大体こんな朝っぱらから、お母さんが笑顔でいるはずがない。あり得ない。お母さんは毎朝血管が浮き出るほどイライラしながら「早く朝食を食べなさい!」と金切り声を上げるのが常だ。それなのに、今朝はまるで人が変わってしまったみたいだった。
「breakfastの時間よ」
「何それ?」
お母さんが、電話口でしか出さない猫撫で声でそう言った。てっきり新しい格闘技番組か何かかと思っていたら、朝食のことだった。一階に降りていくと、見たこともないほどの皿の山が、テーブルに所狭しと並べられていた。
「な、何これ……?」
「今朝はFrenchのCours completにしてみたの。Entrées chaudesはいかが?」
「何て??」
ぼくは豪勢なテーブルの前でぼう然と立ち尽くした。まだまだこれは始まりにすぎないようだった。キッチンに入ると、まな板の上でモゾモゾしているロブスターと目が合った。ぼくは言葉を失った。
「bonjour、mon fils」
突然流暢なフランス語で話しかけられ、驚いて顔を上げると、いつもお父さんが座っている席に、見知らぬ外国人が座っていた。
「だ、誰!?」
「アップデートしたのよ。あなたのお父さんじゃない」
「はぁっ!?」
「pas de surprises、Le monde est en constante évolution」
「何だって!?」
「良い子だから早く席に着いて悠介。冷めちゃうわよ」
まだ夢の中にいるのか。まるで狐に抓まれた気分だった。突然お父さんがフランス人になってしまったと言うのに、お母さんは何一つ動揺していない。謎のフランス人が、鴨肉を口に運びながら器用に白い歯をぼくに見せつけてくる。ぼくは急に恐ろしくなってしまった。
「どうしたの? お腹空いてないの?」
「い、いい……ぼく、もう学校行かなくちゃ!」
一体何がどうなっているのか。試しにぼくは頬をつねってみた。痛い。ということは夢ではないのか。出かける前、恐る恐るリビングを覗くと、二人がロブスターを挟んで食前のヨガに励んでいた。何て澄み切った目をしているんだろう。まるで何かの儀式か、悟りを開いたみたいだ。ていうかあのフランス人は誰なんだ……?

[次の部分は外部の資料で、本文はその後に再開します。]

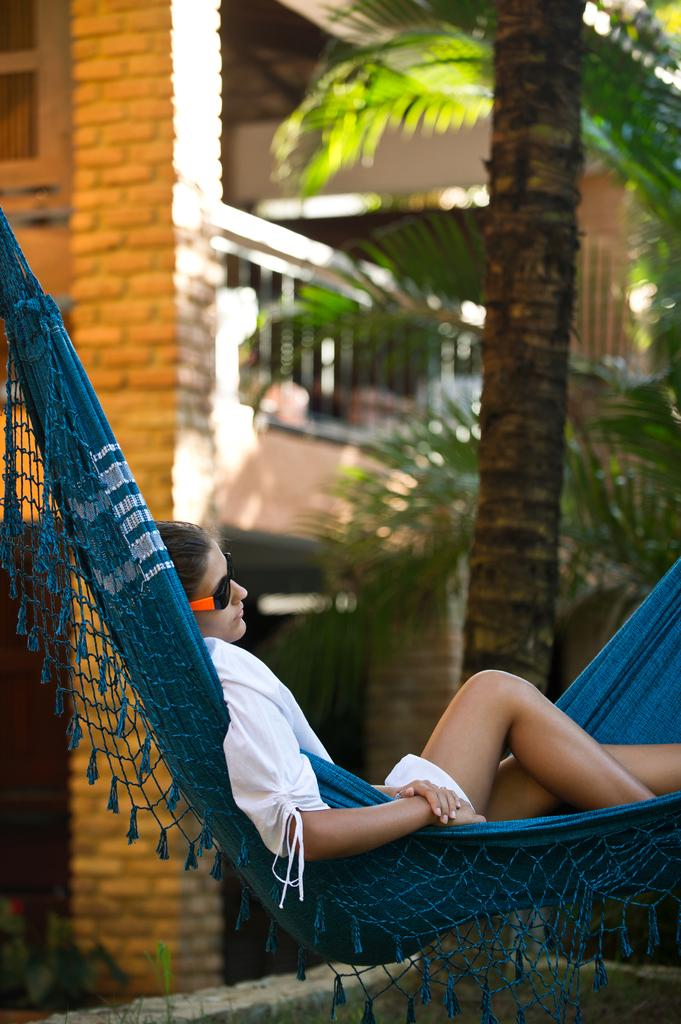What is the main subject in the center of the image? There is a woman in a swing in the center of the image. What can be seen in the background of the image? There are trees and a building in the background of the image. What type of surface is visible at the bottom of the image? Grass is present at the bottom of the image. What type of zipper can be seen on the woman's clothing in the image? There is no zipper visible on the woman's clothing in the image. How many bananas are being held by the woman in the image? There are no bananas present in the image. 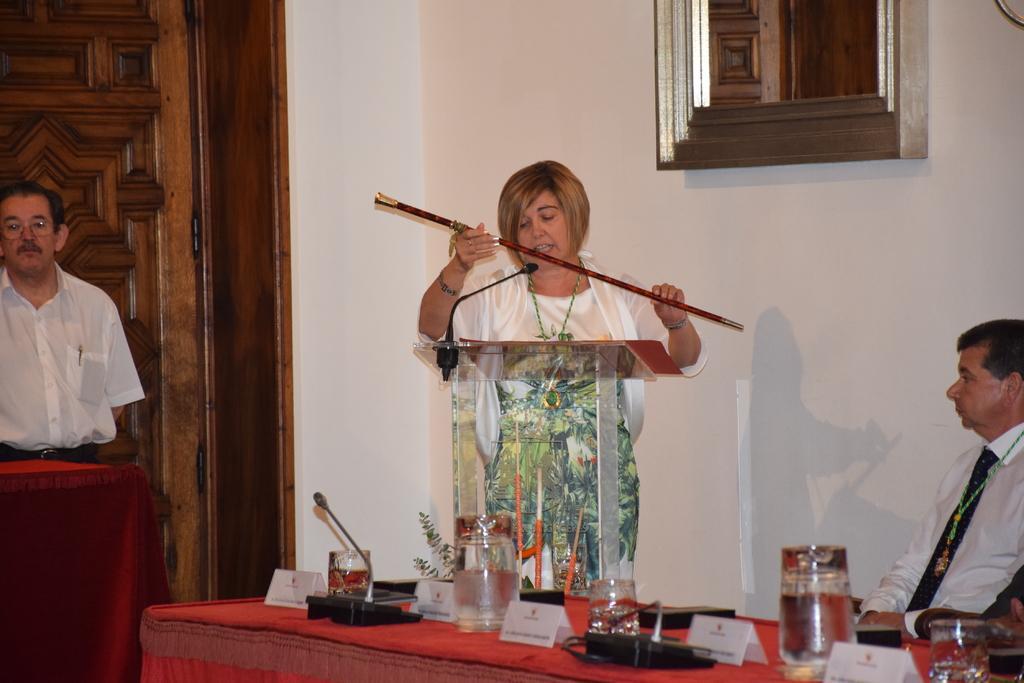In one or two sentences, can you explain what this image depicts? This picture shows a woman holding a stick and speaking in front of a microphone, near the podium. There is a man sitting beside her. In front of him there is a table on which some glass jars and name plates were placed. In the background there is a man, door and a wall here.

異星人がぼくの家を乗っ取りに来たと言われても納得できる。何だか薄気味悪くなってきて、ぼくは逃げるようにして小学校へと走った。ぼくの手の中で、狐色のスマートフォンが、嬉しそうにキラキラと輝いた。
「おはようございます、悠介様」
「おはようございます、悠介様」
「誰だよ」
教室に行くと、舞踏会にでも行くような煌びやかな正装で、健太と秀平が恭しく頭を下げてきた。ぼくは普通に引いた。
「今度は何の悪ふざけ?」
「悪ふざけ? 冗談でしょう!」
「アップデートですよ、悠介様。私たちは常に、世の中を良い方向へと改善し続けています。最高の環境で最高の教育を受ける。それが私たちに課せられた義務なのです」
「何だか落ち着かないなあ」
ぼくはそわそわと教室を見回した。健太たちだけでなく、他の生徒たちも何故かビシッと正装でキメている。切れかかった蛍光灯はいつの間にか豪奢なシャンデリアに、窓ガラスは七色のステンドグラスに変えられていた。ハロウィンの飾り付けだろうか? ぼくは首をひねった。昨日は確かに、こんな装飾はなかったはずだけど……。
「またぼくをからかってるんでしょう?」
「からかう? とんでもない!」
「嘘だあ。いつもぼくをいじめてるくせに」
「いじめてるだなんて!」
突然健太と秀平がポロポロと大粒の涙を溢し始めたので、ぼくはギョッとなった。
「ど、どうしたの!?」
「ああ、悠介様、お許しください!」
「へぇっ!?」
「そんなつもりはなかったんです! そんなつもりはなかったんです!」
「どうか私たちの日頃の無礼を! その寛大な心で!」
「分かった! 分かったから泣くのをやめて!」
一体何事かと皆がこちらを興味津々で覗き込んだので、ぼくは恥ずかしくなって二人を制した。健太と秀平は床に頭を擦り付けんばかりの勢いで、何度もぼくにお礼を言った。ぼくは背筋が寒くなった。随分と手の込んだイタズラだった。何かがおかしい……今朝目が覚めた時から、まるで違う世界に迷い込んでしまったみたいだった。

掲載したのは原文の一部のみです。